(Source data)
——————————

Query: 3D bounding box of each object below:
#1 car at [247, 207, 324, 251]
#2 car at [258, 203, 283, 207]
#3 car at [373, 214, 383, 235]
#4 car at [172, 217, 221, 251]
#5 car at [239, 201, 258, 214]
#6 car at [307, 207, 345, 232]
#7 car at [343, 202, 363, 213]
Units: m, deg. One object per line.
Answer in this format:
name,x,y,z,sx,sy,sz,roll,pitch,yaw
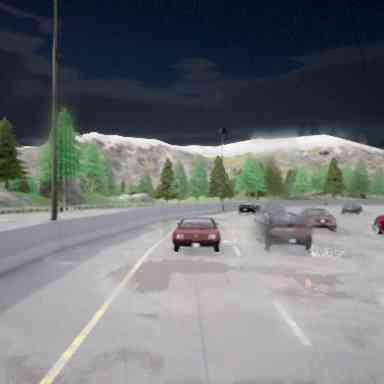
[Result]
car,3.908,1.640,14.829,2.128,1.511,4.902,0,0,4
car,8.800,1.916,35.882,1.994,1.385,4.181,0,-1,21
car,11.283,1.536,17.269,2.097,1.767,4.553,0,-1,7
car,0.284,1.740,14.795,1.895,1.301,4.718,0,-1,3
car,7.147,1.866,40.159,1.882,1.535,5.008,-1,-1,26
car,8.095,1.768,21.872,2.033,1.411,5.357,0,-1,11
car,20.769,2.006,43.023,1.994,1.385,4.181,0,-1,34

——————————

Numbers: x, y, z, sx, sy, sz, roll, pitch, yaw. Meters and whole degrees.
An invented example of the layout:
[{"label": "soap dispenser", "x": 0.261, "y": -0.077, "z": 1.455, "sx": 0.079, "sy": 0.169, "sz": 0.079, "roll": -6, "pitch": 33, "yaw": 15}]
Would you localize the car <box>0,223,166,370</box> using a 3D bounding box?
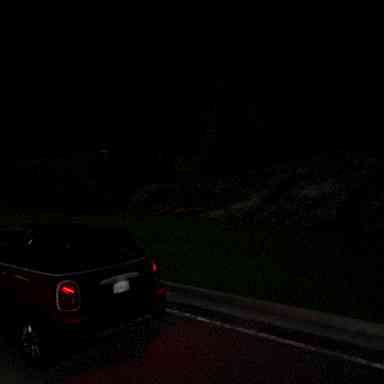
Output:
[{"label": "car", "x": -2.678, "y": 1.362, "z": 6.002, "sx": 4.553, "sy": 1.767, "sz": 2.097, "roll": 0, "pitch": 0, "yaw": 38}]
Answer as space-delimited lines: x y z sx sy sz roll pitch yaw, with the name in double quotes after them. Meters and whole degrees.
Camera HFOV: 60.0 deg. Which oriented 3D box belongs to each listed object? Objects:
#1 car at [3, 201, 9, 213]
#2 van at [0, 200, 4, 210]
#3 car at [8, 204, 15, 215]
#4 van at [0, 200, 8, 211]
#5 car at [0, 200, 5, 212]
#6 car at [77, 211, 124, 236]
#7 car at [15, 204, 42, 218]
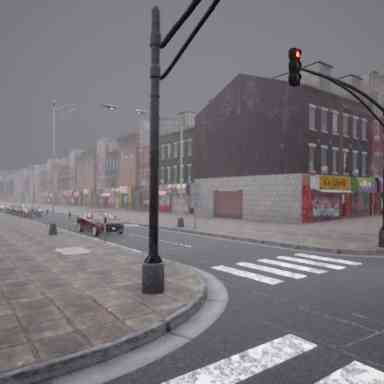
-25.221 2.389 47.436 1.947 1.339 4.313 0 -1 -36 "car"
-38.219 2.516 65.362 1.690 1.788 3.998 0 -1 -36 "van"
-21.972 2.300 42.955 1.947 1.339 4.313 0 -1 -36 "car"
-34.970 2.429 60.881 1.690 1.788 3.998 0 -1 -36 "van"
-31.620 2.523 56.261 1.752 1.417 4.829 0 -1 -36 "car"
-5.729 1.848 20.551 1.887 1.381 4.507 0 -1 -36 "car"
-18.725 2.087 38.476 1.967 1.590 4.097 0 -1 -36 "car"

——————————

◆ What to do
Look over the records above and filter for each line with the word "Answer".

◆ Output of the task
Answer in this format:
Answer as space-delimited lines: x y z sx sy sz roll pitch yaw, with the name in double quotes after them. Meters and whole degrees.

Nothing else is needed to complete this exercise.